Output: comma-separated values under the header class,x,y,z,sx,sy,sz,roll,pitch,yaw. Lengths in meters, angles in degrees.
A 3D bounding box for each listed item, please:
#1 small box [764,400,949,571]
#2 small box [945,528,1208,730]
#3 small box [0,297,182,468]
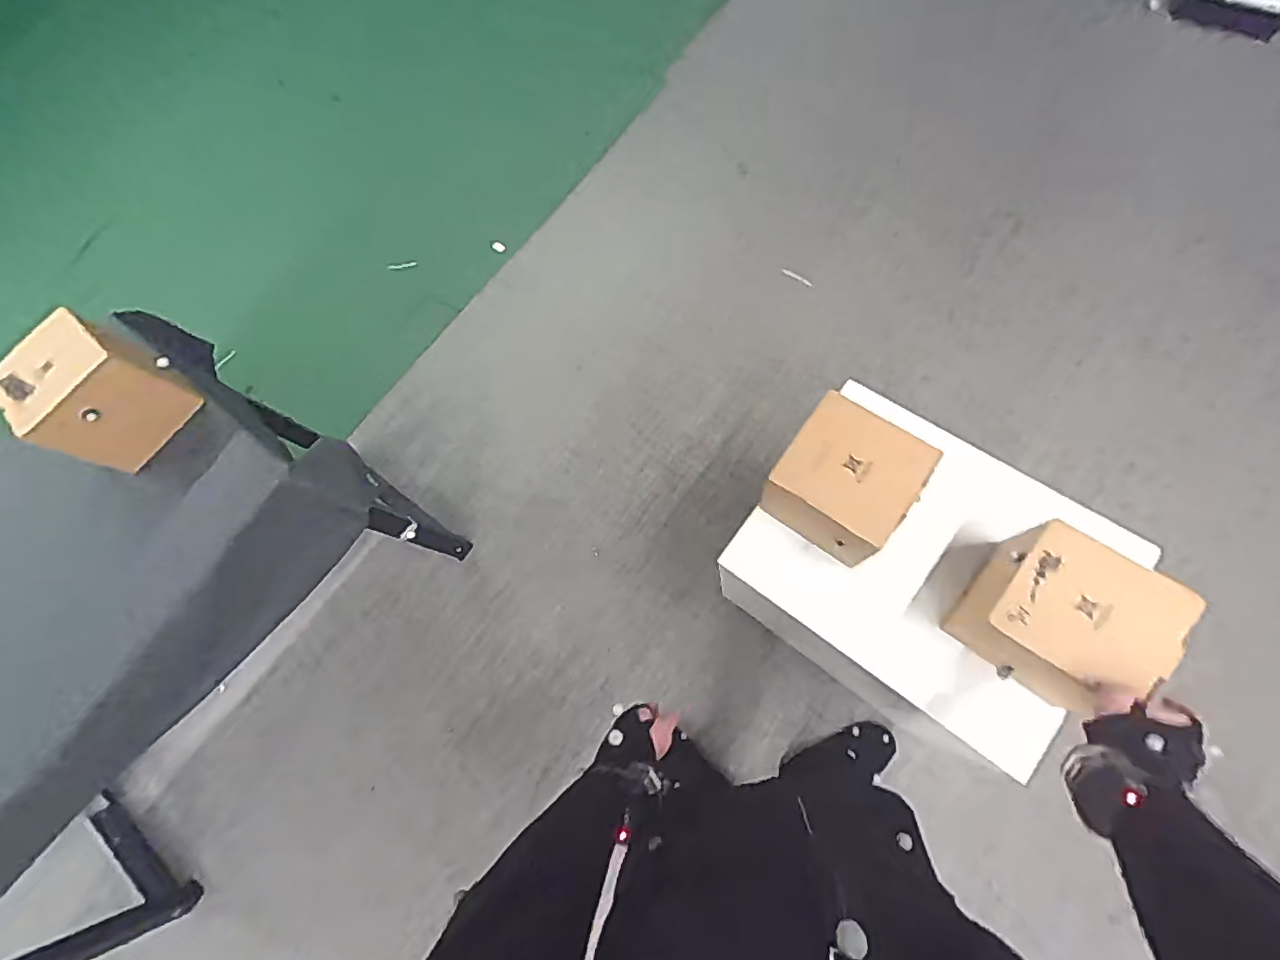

-----

Extract, from the listing above, every line where the string "small" occurs.

## Reply to the exercise
#1 small box [764,400,949,571]
#2 small box [945,528,1208,730]
#3 small box [0,297,182,468]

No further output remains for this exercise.